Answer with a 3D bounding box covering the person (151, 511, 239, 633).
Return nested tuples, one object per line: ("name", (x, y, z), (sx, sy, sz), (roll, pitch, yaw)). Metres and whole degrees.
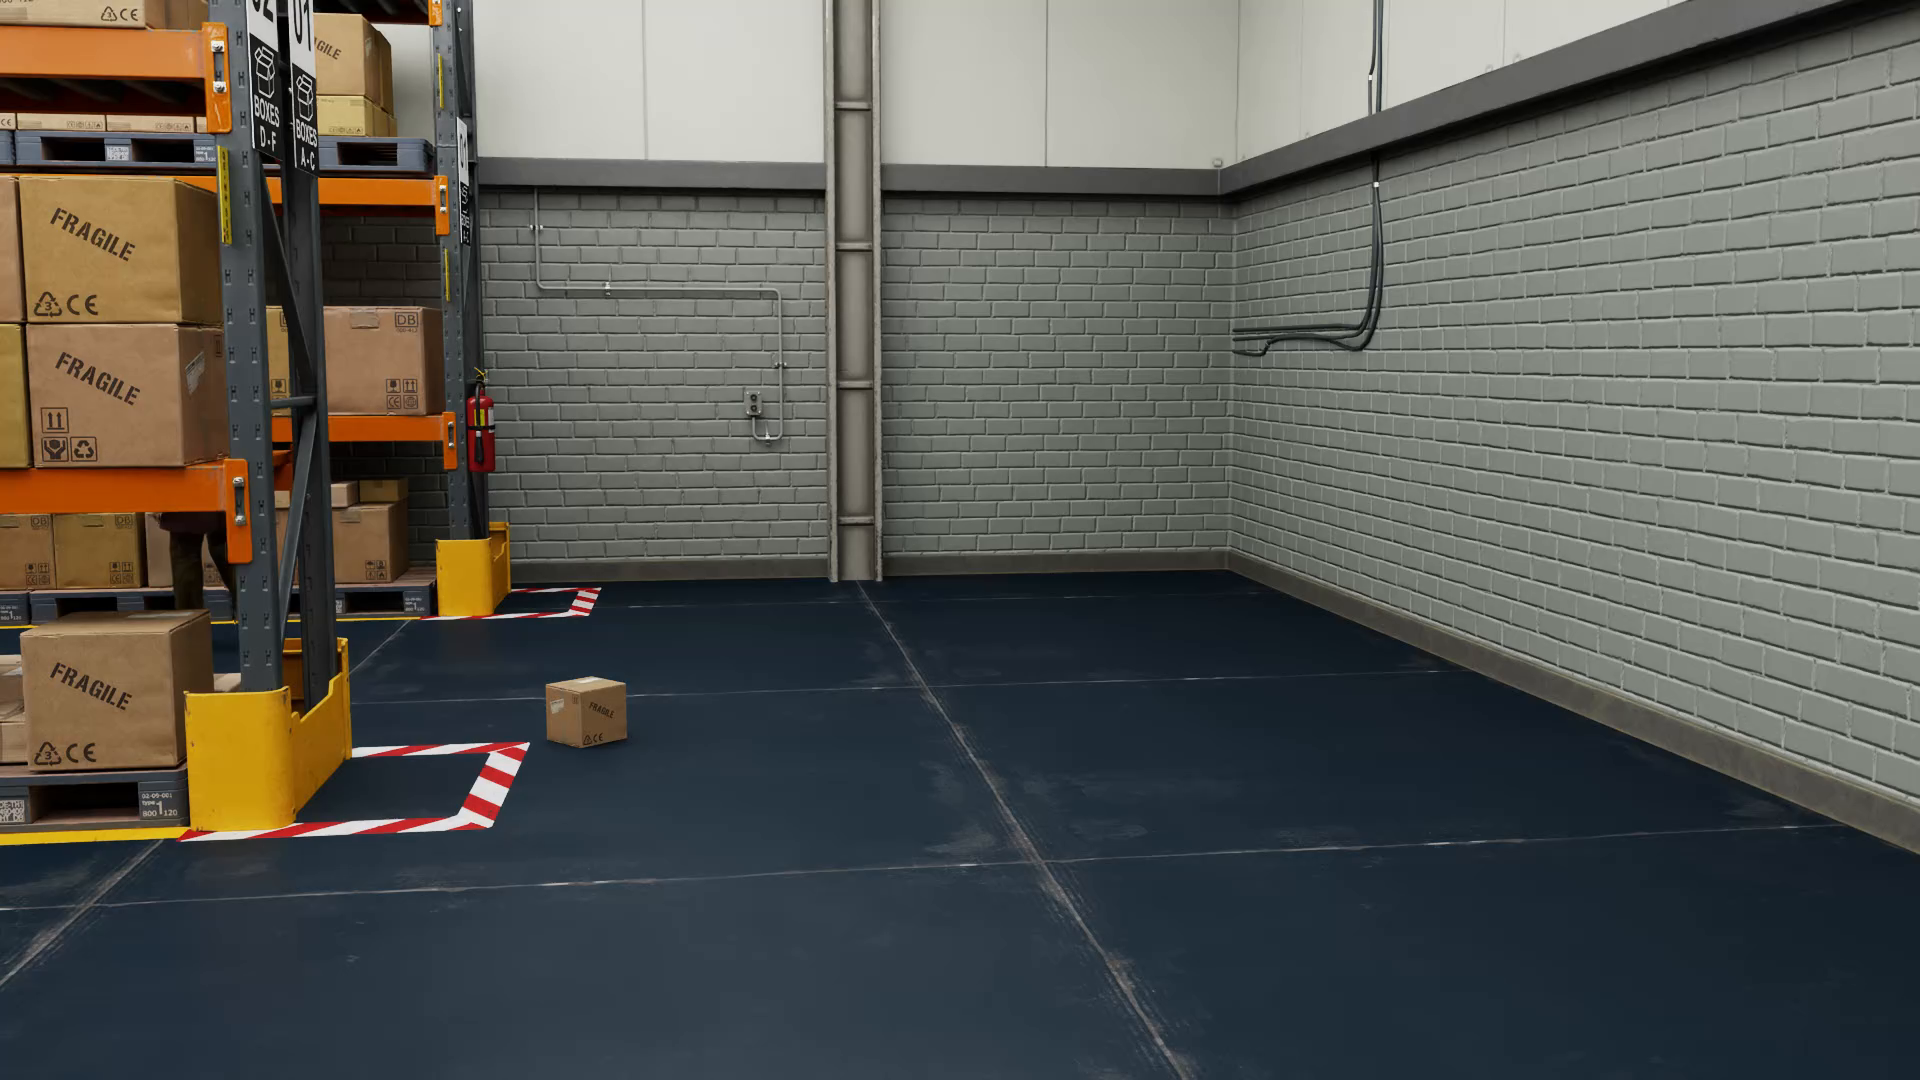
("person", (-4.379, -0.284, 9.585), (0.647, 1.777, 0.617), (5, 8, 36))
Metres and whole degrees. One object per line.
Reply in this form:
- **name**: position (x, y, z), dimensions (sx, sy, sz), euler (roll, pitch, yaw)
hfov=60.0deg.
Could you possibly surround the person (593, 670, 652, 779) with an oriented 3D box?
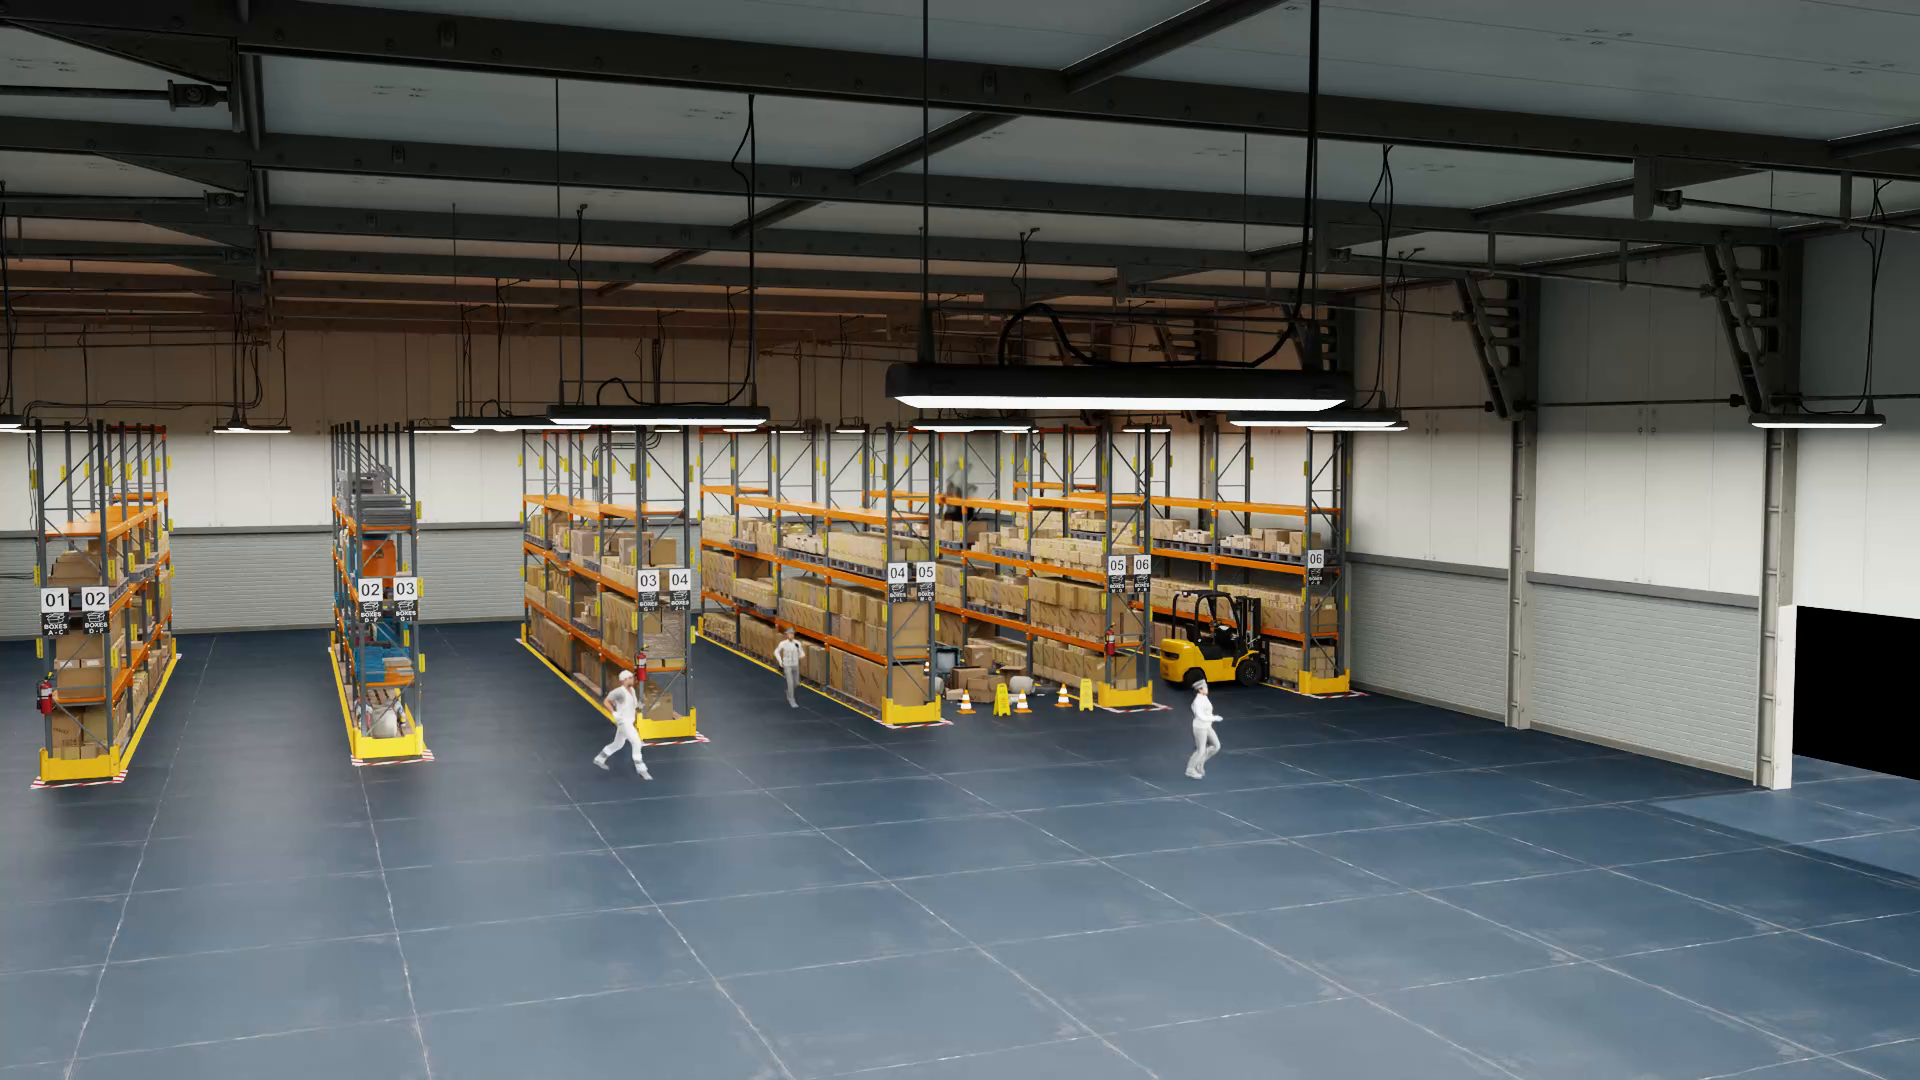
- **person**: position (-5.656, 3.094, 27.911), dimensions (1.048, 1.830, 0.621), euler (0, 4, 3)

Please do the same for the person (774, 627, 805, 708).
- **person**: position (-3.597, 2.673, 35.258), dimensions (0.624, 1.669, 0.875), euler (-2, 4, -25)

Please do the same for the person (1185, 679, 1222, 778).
--------
** What is needed **
Transcribe every line in the entries above, taking out only the images.

** Answer section **
Answer with a 3D bounding box covering the person (151, 511, 239, 633).
Return nested tuples, one object per line: ("name", (x, y, z), (sx, sy, sz), (roll, pitch, yaw)). Metres and whole degrees.
("person", (-4.379, -0.284, 9.585), (0.647, 1.777, 0.617), (5, 8, 36))
Metres and whole degrees. One object per line.
Reply in this form:
- **name**: position (x, y, z), dimensions (sx, sy, sz), euler (roll, pitch, yaw)
hfov=60.0deg.
Could you possibly surround the person (593, 670, 652, 779) with an oriented 3D box?
- **person**: position (-5.656, 3.094, 27.911), dimensions (1.048, 1.830, 0.621), euler (0, 4, 3)

Please do the same for the person (774, 627, 805, 708).
- **person**: position (-3.597, 2.673, 35.258), dimensions (0.624, 1.669, 0.875), euler (-2, 4, -25)

Please do the same for the person (1185, 679, 1222, 778).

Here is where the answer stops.